For every request, we define the following key metrics:
- Request arrival time (
$a_r$ ): the time at which a request enters the system - Request schedule time (
$s_r$ ): the time at which a given request is scheduled for the first time (irrespective of subsequent restarts). - Request completion time (
$c_r$ ): the time at which a request completes. - Request prefill completion time (
$f_r$ ): the time at which prefill completes and first output token is produced. - Request execution time (
$e_r$ ): the total amount of time a request spends actually executing on GPUs (across all attempts) - excluding the time request is allocated on a replica but not executing due to pipeline-bubbles etc. - Request preemption time (
$p_r$ ): the total amount of time a request spends request is allocated on a replica but not executing due to pipeline-bubbles, scheduling preemptions, time between restarts, etc (aggregate across all attempts). - Request scheduling delay (
$d_r$ ): the total amount for which the request is waiting before getting scheduled ($s_r - a_r$ ).

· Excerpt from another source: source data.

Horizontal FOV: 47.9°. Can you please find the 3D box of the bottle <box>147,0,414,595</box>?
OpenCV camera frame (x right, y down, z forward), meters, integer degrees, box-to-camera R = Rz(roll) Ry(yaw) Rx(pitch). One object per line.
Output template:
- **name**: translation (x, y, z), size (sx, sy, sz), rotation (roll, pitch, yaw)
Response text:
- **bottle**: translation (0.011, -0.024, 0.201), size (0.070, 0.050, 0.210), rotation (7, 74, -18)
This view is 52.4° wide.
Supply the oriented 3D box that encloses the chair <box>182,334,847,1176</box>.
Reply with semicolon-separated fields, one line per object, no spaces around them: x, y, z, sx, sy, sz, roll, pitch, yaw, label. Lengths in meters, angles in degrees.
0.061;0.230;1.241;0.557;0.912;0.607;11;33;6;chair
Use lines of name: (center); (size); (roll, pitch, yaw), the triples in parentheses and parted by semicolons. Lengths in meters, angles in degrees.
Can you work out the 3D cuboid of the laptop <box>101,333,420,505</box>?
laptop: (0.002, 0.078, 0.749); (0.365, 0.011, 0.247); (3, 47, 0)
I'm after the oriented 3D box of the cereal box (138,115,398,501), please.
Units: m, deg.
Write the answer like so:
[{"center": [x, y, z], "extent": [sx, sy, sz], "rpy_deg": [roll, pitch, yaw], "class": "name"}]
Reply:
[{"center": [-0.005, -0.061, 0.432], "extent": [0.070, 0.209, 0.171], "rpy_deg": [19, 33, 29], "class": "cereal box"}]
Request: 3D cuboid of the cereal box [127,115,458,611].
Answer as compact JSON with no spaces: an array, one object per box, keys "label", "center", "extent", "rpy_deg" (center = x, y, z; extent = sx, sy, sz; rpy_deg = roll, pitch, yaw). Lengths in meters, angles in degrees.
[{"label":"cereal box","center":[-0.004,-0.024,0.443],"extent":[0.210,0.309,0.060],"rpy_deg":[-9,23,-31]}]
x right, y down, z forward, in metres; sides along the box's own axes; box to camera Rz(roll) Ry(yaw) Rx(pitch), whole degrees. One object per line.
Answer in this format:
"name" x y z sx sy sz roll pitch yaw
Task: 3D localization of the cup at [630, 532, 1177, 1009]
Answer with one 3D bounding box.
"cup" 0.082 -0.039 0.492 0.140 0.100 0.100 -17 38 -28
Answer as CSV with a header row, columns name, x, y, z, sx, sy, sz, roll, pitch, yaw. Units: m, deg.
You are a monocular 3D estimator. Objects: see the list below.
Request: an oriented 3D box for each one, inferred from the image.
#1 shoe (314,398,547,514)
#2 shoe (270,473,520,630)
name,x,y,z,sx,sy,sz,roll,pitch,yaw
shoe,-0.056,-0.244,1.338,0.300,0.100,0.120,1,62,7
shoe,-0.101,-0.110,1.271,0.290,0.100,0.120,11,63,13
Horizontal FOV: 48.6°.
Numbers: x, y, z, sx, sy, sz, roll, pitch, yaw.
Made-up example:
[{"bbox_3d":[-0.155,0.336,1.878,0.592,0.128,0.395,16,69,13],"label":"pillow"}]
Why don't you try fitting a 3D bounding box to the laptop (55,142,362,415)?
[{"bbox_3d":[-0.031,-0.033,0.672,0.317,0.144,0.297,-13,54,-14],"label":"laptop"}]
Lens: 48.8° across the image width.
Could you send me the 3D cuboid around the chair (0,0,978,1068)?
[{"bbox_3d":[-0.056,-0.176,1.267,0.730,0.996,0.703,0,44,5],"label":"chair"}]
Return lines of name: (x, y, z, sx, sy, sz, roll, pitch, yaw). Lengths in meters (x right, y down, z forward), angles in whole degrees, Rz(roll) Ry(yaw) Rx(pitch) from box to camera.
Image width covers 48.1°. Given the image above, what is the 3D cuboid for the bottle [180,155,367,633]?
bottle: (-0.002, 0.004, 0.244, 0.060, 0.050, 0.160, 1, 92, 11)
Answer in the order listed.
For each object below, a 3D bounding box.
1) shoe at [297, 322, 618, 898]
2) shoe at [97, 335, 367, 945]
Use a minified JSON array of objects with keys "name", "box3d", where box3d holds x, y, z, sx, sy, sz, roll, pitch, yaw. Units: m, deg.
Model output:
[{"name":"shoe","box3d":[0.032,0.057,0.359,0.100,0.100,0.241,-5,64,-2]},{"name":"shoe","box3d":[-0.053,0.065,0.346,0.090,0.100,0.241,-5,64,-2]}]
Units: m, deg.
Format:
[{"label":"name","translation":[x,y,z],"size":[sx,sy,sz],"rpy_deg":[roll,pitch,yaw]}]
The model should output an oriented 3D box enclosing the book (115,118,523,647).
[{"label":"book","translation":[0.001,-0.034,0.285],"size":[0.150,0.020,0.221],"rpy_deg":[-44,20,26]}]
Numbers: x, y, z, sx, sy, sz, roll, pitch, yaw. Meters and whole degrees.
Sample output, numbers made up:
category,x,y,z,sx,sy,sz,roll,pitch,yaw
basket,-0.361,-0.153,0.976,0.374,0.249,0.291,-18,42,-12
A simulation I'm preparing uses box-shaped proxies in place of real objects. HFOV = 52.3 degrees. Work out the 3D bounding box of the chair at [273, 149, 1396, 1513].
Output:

Note that arrival, schedule and completion time refer to a specific point in time, where as, execution, preemption time, scheduling delay refer to period of time.
-
request_inter_arrival_delay_histogram
: Histogram of difference between arrival times of adjacent requests ($a_{r+1} - a_r$ ). -
request_num_tokens_histogram
: Histogram of number of tokens (prefill + decode) across all requests. -
request_num_restarts_histogram
: Histogram of number of restarts for a given request. Note that this is expected to be a non-zero entity only when using vLLM or dSararthi schedulers - which restart requests in case a replica runs out of memory. -
request_e2e_time_cdf
: CDF of end-to-end request latency ($c_r - a_r$ ). -
request_e2e_time_normalised_cdf
: CDF of end-to-end request latency normalised by number of output tokens. -
request_execution_plus_preemption_times_cdf
: CDF of total time a request spends in the system excluding initial scheduling delay ($c_r - s_r$ ). -
request_scheduling_delay_cdf
: CDF of request scheduling delay ($s_r - a_r$ ). -
request_execution_time_cdf
: CDF of request execution time ($e_r$ ). -
request_preempted_time_cdf
: CDF of request preemption time ($p_r$ ). -
decode_token_execution_plus_preemption_times
: CDF of per decode token execution time and preemption time - i.e. inter-token delay observed by the user. -
batch_num_tokens_cdf
: CDF of total number of tokens to be processed in a batch (sum of prefill tokens + one per decode request). This distribution is useful towards understanding how the compute load is distributed across batches. Note that with iteration level scheduling a batch is formed at every iteration. -
batch_sizes_cdf
: CDF of batch sizes - usually larger batch sizes imply higher throughput. -
prefill_time_e2e_cdf
: CDF of end-to-end latency to the first output token (time-to-first-byte), i.e, time elapsed since the request arrival to the point where first output is generated ($f_r - a_r$ ). -
prefill_time_execution_plus_preemption_cdf
: CDF of total prefill process time excluding the initial scheduling delay ($f_r - s_r$ ). This metric is useful for tracking the prefill efficiency. -
prefill_time_execution_plus_preemption_normalized_cdf
: Similar toprefill_time_execution_plus_preemption_cdf
, but normalized by the number of prefill tokens. This provides distribution independent of request prefill length, and thus, easier to analyze. -
decode_time_execution_plus_preemption_normalized_cdf
: CDF of total time spent processing decodes ($c_r - f_r$ ) normalized by the number of decode tokens. This provides an indicator similar todecode_token_execution_plus_preemption_times
, however, this metric is presents an averaged over all decode tokens in the request. -
request_completions_time_series
: Time series of request completion times - this provides an indicator for makespan and helps in identifying the request processing rate (requests per second) by analyzing the slope of the curve. -
prefill_completions_time_series
: Time series of prefill token completion times - helps in identifying the prefill processing rate (prefill tokens per second) by analyzing the slope of the curve. -
decode_completions_time_series
: Time series of decode completion times - helps in identifying the decode processing rate (decode tokens per second) by analyzing the slope of the curve. -
replica_{replica_id}_memory_usage_weighted_mean
: Memory usage statistics per replica-level - tracks the mean utilization value across entire execution time. -
replica_{replica_id}_stage_{stage_id}_busy_time_percent_weighted_mean
: Percentage of time a given replica stage is executing something on device - i.e. not waiting due to scheduling issues or pipeline bubbles. -
replica_{replica_id}_stage_{stage_id}_mfu_weighted_mean
: Model FLOPS Utilization (MFU) at a per replica stage level - it tell how much value we are able to extract from the hardware. MFU increases with batch size, reduced bubble time, higher prefill tokens, etc. -
request_arrivals_time_series
: Time series of request arrival timestamps.